● Required work
Return, word for word, only the lines of the data below that lie between the line with "1. bread <box>157,338,281,447</box>" and the line with "Image width covers 59.3°.", those two lines included.

Data excerpts
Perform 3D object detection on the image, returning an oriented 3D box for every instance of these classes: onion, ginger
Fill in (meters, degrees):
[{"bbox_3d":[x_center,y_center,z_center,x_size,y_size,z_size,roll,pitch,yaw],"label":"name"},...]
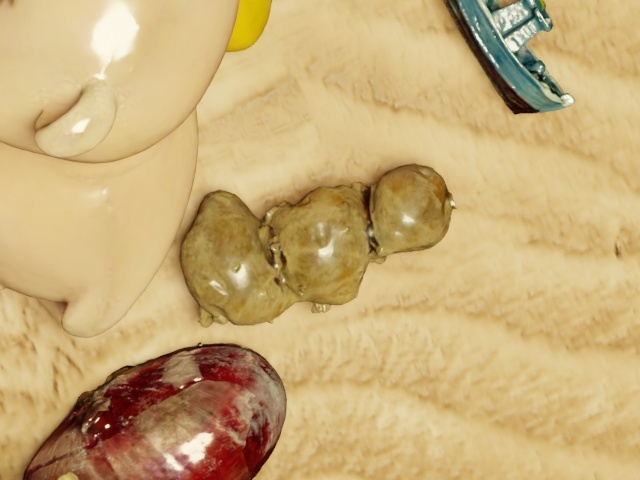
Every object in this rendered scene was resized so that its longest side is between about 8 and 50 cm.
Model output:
[{"bbox_3d":[-0.110,0.162,1.178,0.206,0.098,0.151,-39,97,-2],"label":"onion"},{"bbox_3d":[0.000,0.000,1.183,0.204,0.080,0.104,-13,91,-3],"label":"ginger"}]

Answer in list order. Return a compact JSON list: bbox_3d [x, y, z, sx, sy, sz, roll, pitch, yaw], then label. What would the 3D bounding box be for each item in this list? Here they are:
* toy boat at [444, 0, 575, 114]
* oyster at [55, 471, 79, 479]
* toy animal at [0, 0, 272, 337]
[{"bbox_3d":[0.139,-0.152,1.192,0.061,0.060,0.137,-28,95,19],"label":"toy boat"},{"bbox_3d":[-0.233,0.265,1.097,0.337,0.133,0.198,-28,109,10],"label":"oyster"},{"bbox_3d":[-0.184,-0.128,1.064,0.277,0.247,0.345,24,93,-10],"label":"toy animal"}]
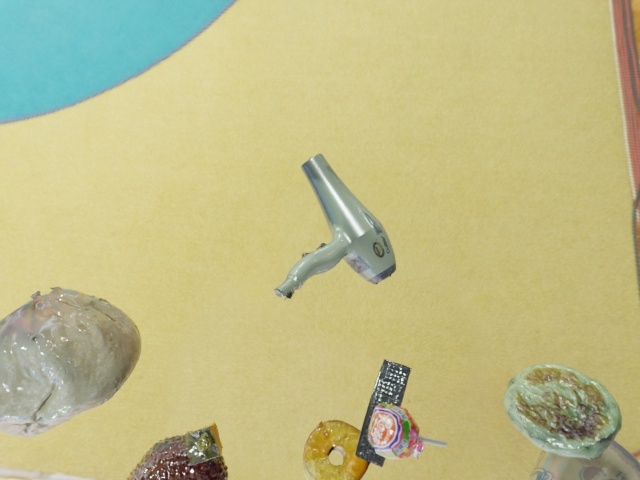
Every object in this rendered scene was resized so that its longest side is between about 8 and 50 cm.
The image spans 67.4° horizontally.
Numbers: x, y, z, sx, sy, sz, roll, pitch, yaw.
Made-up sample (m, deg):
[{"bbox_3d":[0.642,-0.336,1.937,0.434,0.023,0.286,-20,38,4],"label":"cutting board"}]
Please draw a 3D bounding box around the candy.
[{"bbox_3d":[0.237,0.489,1.192,0.124,0.365,0.124,-18,57,30],"label":"candy"}]

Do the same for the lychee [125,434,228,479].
[{"bbox_3d":[-0.375,0.641,1.264,0.260,0.260,0.260,-1,73,4],"label":"lychee"}]

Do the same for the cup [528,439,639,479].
[{"bbox_3d":[0.621,0.641,1.163,0.257,0.227,0.301,-37,113,-24],"label":"cup"}]

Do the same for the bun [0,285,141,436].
[{"bbox_3d":[-0.467,0.195,0.834,0.281,0.281,0.205,-30,114,-5],"label":"bun"}]

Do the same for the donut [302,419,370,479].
[{"bbox_3d":[0.037,0.568,1.244,0.174,0.074,0.190,22,38,3],"label":"donut"}]

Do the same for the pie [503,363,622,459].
[{"bbox_3d":[0.521,0.362,1.042,0.240,0.054,0.240,-7,31,4],"label":"pie"}]

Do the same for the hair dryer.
[{"bbox_3d":[0.001,-0.030,0.728,0.225,0.088,0.219,-6,70,-37],"label":"hair dryer"}]

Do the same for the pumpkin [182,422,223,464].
[{"bbox_3d":[-0.271,0.469,1.107,0.083,0.054,0.074,-21,82,7],"label":"pumpkin"}]

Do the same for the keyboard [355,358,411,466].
[{"bbox_3d":[0.157,0.431,1.215,0.087,0.017,0.250,12,75,31],"label":"keyboard"}]
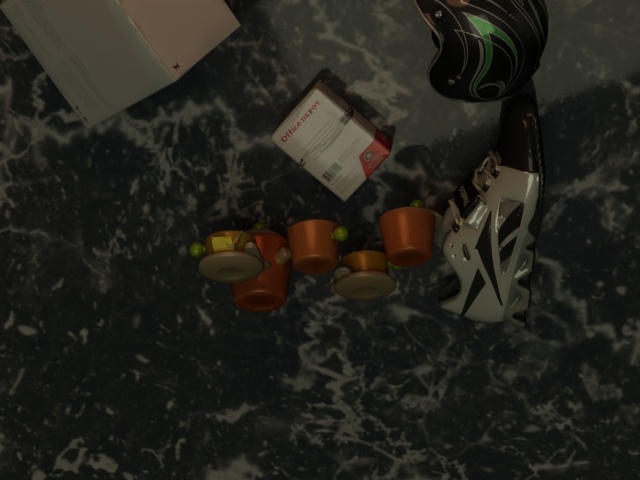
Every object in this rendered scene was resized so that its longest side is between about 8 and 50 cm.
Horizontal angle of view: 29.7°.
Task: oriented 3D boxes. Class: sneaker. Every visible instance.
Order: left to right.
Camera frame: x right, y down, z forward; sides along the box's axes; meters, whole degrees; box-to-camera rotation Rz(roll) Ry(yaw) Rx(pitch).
[{"bbox_3d":[0.220,-0.036,1.612,0.146,0.122,0.331,5,113,4],"label":"sneaker"}]

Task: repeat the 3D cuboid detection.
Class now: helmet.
[{"bbox_3d":[0.197,-0.269,1.497,0.169,0.169,0.162,6,129,6],"label":"helmet"}]

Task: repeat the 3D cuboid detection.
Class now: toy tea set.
[{"bbox_3d":[0.000,0.000,1.639,0.336,0.124,0.200,-5,154,6],"label":"toy tea set"}]

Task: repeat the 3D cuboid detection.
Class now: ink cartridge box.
[{"bbox_3d":[0.016,-0.136,1.633,0.135,0.056,0.099,40,112,-10],"label":"ink cartridge box"}]

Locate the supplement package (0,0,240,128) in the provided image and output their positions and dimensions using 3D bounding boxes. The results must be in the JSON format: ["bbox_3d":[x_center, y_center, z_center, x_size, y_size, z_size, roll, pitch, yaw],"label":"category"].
[{"bbox_3d":[-0.253,-0.282,1.521,0.203,0.149,0.194,-18,113,46],"label":"supplement package"}]
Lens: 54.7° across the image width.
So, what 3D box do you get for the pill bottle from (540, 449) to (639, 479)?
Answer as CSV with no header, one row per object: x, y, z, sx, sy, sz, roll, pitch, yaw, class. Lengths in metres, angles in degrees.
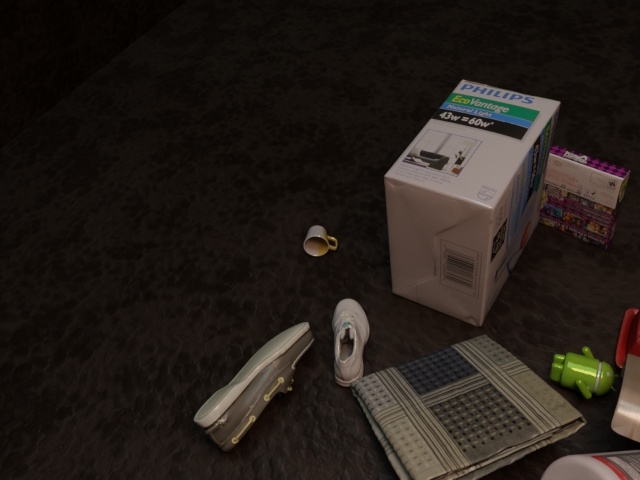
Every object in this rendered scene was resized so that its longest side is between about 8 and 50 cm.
0.468,0.384,0.887,0.283,0.161,0.161,6,37,-26,pill bottle

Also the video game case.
0.562,-0.107,1.405,0.232,0.210,0.042,29,56,35,video game case

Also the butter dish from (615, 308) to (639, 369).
0.656,0.175,1.162,0.160,0.118,0.160,14,49,25,butter dish

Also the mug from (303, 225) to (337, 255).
-0.004,0.000,1.532,0.062,0.078,0.064,-34,28,24,mug

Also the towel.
0.246,0.299,1.108,0.312,0.056,0.324,-17,22,-11,towel

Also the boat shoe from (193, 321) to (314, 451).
-0.113,0.282,1.232,0.305,0.091,0.109,-41,9,-33,boat shoe

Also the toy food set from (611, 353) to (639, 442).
0.592,0.284,0.992,0.219,0.093,0.306,17,13,26,toy food set

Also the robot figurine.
0.491,0.250,1.156,0.115,0.067,0.101,13,37,23,robot figurine

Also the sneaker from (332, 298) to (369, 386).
0.060,0.191,1.287,0.080,0.094,0.212,-6,44,7,sneaker

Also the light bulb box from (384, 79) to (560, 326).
0.322,-0.084,1.324,0.225,0.358,0.361,21,54,27,light bulb box
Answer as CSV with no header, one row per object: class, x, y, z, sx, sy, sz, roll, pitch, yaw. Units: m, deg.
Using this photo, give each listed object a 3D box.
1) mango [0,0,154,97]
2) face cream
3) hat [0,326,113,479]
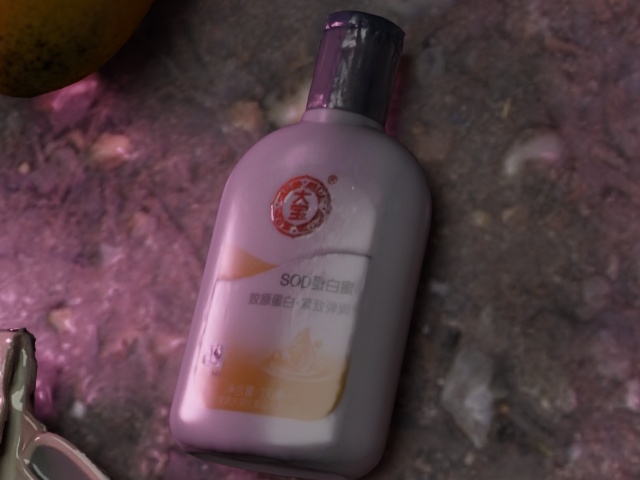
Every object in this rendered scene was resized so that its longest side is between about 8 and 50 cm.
mango,-0.225,-0.279,1.293,0.264,0.221,0.378,-25,73,7
face cream,0.000,0.000,1.169,0.144,0.071,0.291,7,73,25
hat,-0.237,0.188,1.192,0.219,0.164,0.226,-33,97,-31
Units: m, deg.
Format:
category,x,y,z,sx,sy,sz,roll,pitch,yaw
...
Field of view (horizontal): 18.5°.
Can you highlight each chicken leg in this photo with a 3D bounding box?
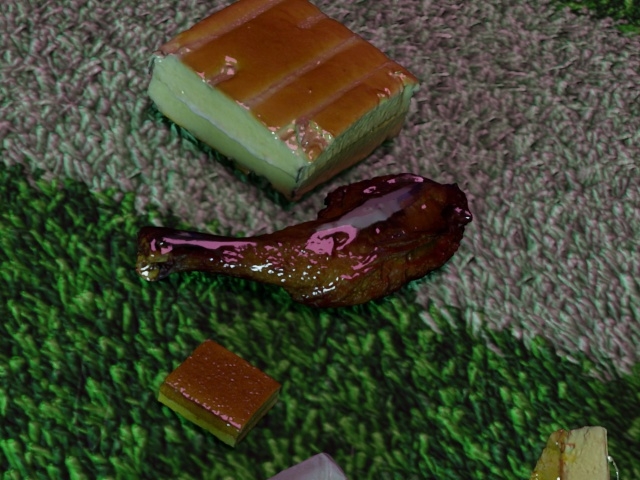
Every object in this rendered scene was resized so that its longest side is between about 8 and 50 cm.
category,x,y,z,sx,sy,sz,roll,pitch,yaw
chicken leg,0.000,0.000,2.109,0.407,0.096,0.158,-11,43,-28

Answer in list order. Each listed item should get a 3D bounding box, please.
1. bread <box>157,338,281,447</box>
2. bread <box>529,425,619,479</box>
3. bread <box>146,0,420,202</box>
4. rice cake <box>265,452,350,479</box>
category,x,y,z,sx,sy,sz,roll,pitch,yaw
bread,-0.098,0.150,1.936,0.094,0.035,0.090,31,41,14
bread,0.258,0.240,1.922,0.084,0.109,0.080,-9,43,-36
bread,-0.044,-0.171,2.273,0.239,0.111,0.246,35,42,21
rice cake,-0.054,0.264,1.817,0.222,0.042,0.080,-18,56,-38
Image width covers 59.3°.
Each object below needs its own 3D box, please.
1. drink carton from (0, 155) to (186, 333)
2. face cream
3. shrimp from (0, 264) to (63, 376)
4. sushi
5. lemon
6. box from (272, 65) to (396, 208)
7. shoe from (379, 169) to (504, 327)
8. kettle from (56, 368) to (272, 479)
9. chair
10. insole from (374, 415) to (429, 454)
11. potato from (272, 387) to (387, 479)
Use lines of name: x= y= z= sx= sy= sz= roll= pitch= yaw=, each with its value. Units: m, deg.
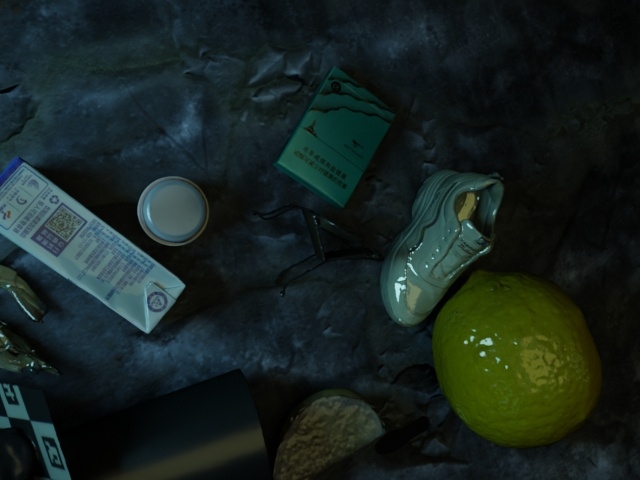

● Task result
1. bread <box>157,338,281,447</box>
2. bread <box>529,425,619,479</box>
3. bread <box>146,0,420,202</box>
4. rice cake <box>265,452,350,479</box>
category,x,y,z,sx,sy,sz,roll,pitch,yaw
bread,-0.098,0.150,1.936,0.094,0.035,0.090,31,41,14
bread,0.258,0.240,1.922,0.084,0.109,0.080,-9,43,-36
bread,-0.044,-0.171,2.273,0.239,0.111,0.246,35,42,21
rice cake,-0.054,0.264,1.817,0.222,0.042,0.080,-18,56,-38
Image width covers 59.3°.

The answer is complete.